Die vorliegende Arbeit beschäftigt sich mit der Induktion und Reparatur von DNA-Schäden. Eine wirkungsvolle Methode um dies in lebenden Zellen zu erforschen, ist die Laser-Mikrobestrahlung. Sie ermöglicht es, DNA-Schäden mit sehr hoher räumlicher und zeitlicher Auflösung zu erzeugen. Die meisten Laser induzieren jedoch eine Mixtur unterschiedlichster DNA-Schäden und führen somit zu einer Aktivierung multipler DNA-Reparaturwege. Dies macht eine Untersuchung der Kinetik einzelner Reparaturwege unmöglich. Zur Lösung dieses Problems, etablierten wir eine neuartige Methode, indem wir mittels an verschiedenen konfokalen Mikroskopen vorhandenen Lasern Bedingungen erzeugten, die eine Aktivierung von definierten Reparaturwegen ermöglichen. Zur Erreichung dieses Ziels, exprimierten wir fluoreszenzmarkierte Proteine, die spezifisch für die unterschiedlichen Reparaturwegen in Säugetierzellen sind, und quantifizierten ihre Akkumulation nach Mikrobestrahlung mit Lasern verschiedenerWellenlängen (405, 488, 561, 633 nm). Als zusätzliche Validation wiesen wir die Produktion von unterschiedlichen DNA-Schäden mit einer Reihe spezifischer Marker (CPDs, TUNEL, gH2AX-foci) nach. Unsere Daten zeigten, dass nach Mikrobestrahlung mit einer Wellenlänge von 405 nm alle untersuchten Reparaturwege aktiviert wurden.
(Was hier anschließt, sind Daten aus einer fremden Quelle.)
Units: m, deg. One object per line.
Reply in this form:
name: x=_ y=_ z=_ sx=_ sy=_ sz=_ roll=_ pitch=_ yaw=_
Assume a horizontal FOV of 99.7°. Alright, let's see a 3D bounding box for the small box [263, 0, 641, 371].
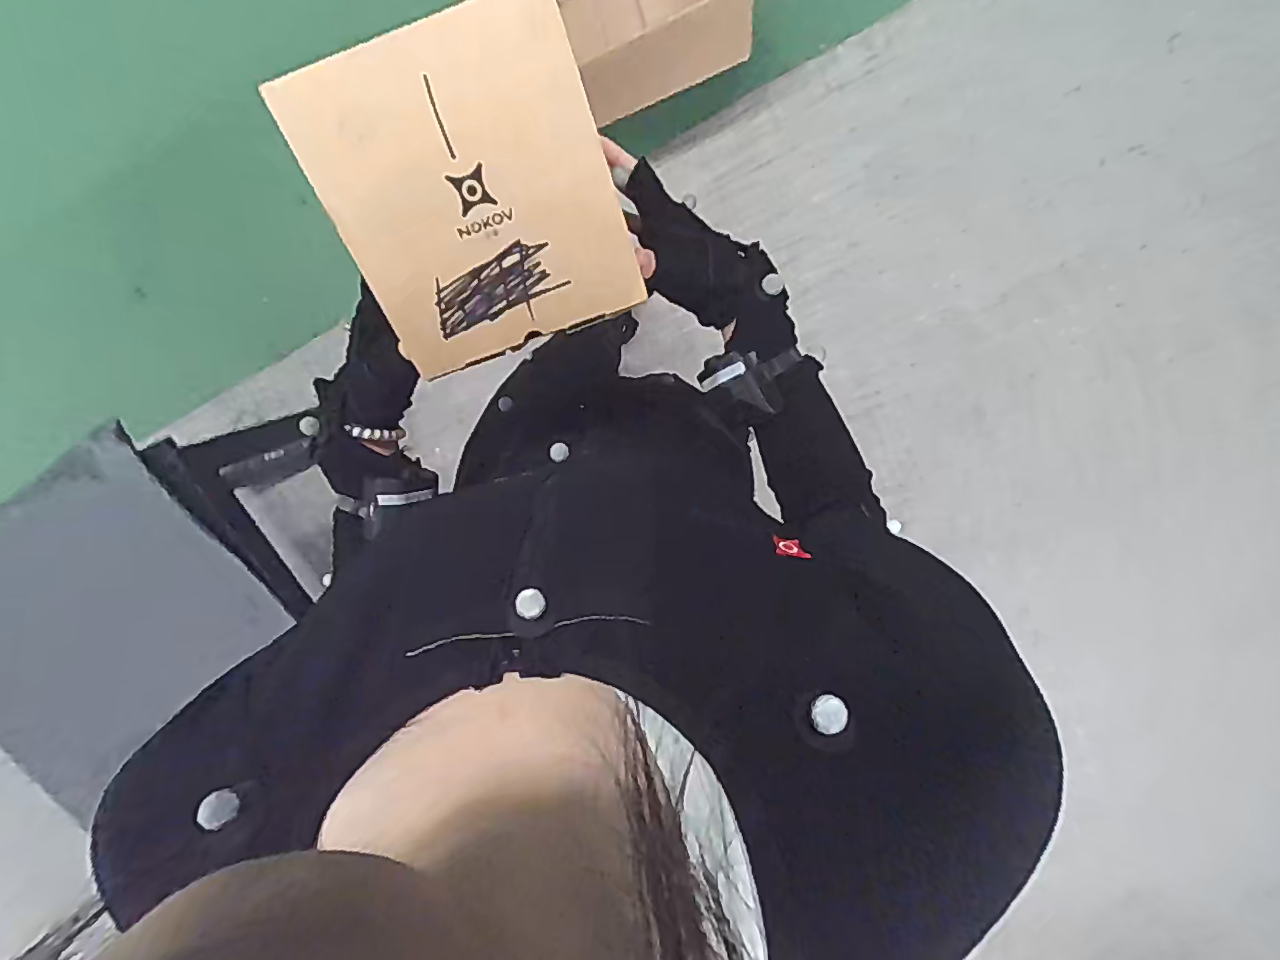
small box: x=-0.106 y=-0.206 z=0.391 sx=0.168 sy=0.176 sz=0.179 roll=-18 pitch=119 yaw=3

Im Gegensatz hierzu führte die Mikrobestrahlung mit 488 oder 561 nm Wellenlängen zu einer selektiven Aktivierung der nicht prozessiven "short-patch" Basenexzisionsreparatur. Unter diesen Bedienungen ist es demnach möglich, nicht prozessive DNA-Reparaturwege von prozessiven wie "long-patch" Basenexzisionsreparatur, Nukleotidexzisionsreparatur und Doppelstrangbruch-Reparaturwegen, zu unterscheiden.

Wir nutzten die neu von uns entwickelte Mikrobestrahlungsstrategie, um Unterschiede in der Induktion und Reparatur von DNA-Schäden zwischen Eu- und Heterochromatinregionen zu untersuchen. Hoch kompaktiertes Heterochromatin wurde hierzu zunächst markiert und anschließend mikrobestrahlt. Wir konnten damit nachweisen, dass DNA-Reparaturfaktoren unterschiedlicher Reparaturwege innerhalb der Heterochromatinregionen rekrutiert werden und, dass Bedingungen die zu einer prozessiven DNA-Synthese führen in einer 2-fachen Erweiterung der Heterochromatinregion resultieren. Als zusätzlichen Nachweis applizierten wir zu den Zellen halogenierte Nucleotide unmittelbar vor Mikrobestrahlung und wiesen, durch die Inkorporation der modifizierten Nucleotide, prozessive DNA-Reparatur direkt innerhalb der Heterochromatinregionen nach. Diese Daten widersprechen der Hypothese, dass heterochromatische DNA-Schäden an der Peripherie der Region repariert werden, sondern zeigen dass DNA-Synthese direkt innerhalb Heterochromatinregionen stattfinden kann.

Darüber hinaus konnten wir unsere Mikrobestrahlungsstrategie einsetzen, um den kürzlich beschriebenen postreplikativen DNA-Reparaturweg Ribonukleotidexzisionsreparatur näher zu untersuchen. Es wird angenommen, dass dieser Reparaturweg die Millionen Ribonukleotide, die von DNA-Polymerasen während der DNA-Replikation misinkorporiert wurden, degradiert. Die Nuklease RNase H2 führt dabei den initialen Exzisionsschritt durch. Wir zeigten, dass RNase H2 nicht nur zu DNA-Replikations-Stellen, sondern auch zu Stellen mit prozessiver DNA-Reparatursynthese rekrutiert wird, was eine Aktivierung der Ribonukleotidexzisionsreparatur nicht nur nach DNA-Replikation sondern auch nach DNA-Reparatur nahelegt. Mutationen in RNase H2 führen zu der Autoimmunkrankheit „Aicardi-Goutieres-Syndrome“. Unsere Forschung konnte zeigen, dass Mutationen die Komplex Formierung, PCNA Bindung oder Katalyse beeinflussen zu einer Veränderung des Bindungs- und Mobilitätsverhalten an Replikations- und Reparaturstellen führen und konnten somit beitragen den zugrundeliegenden Krankheitsmechanismus besser zu verstehen.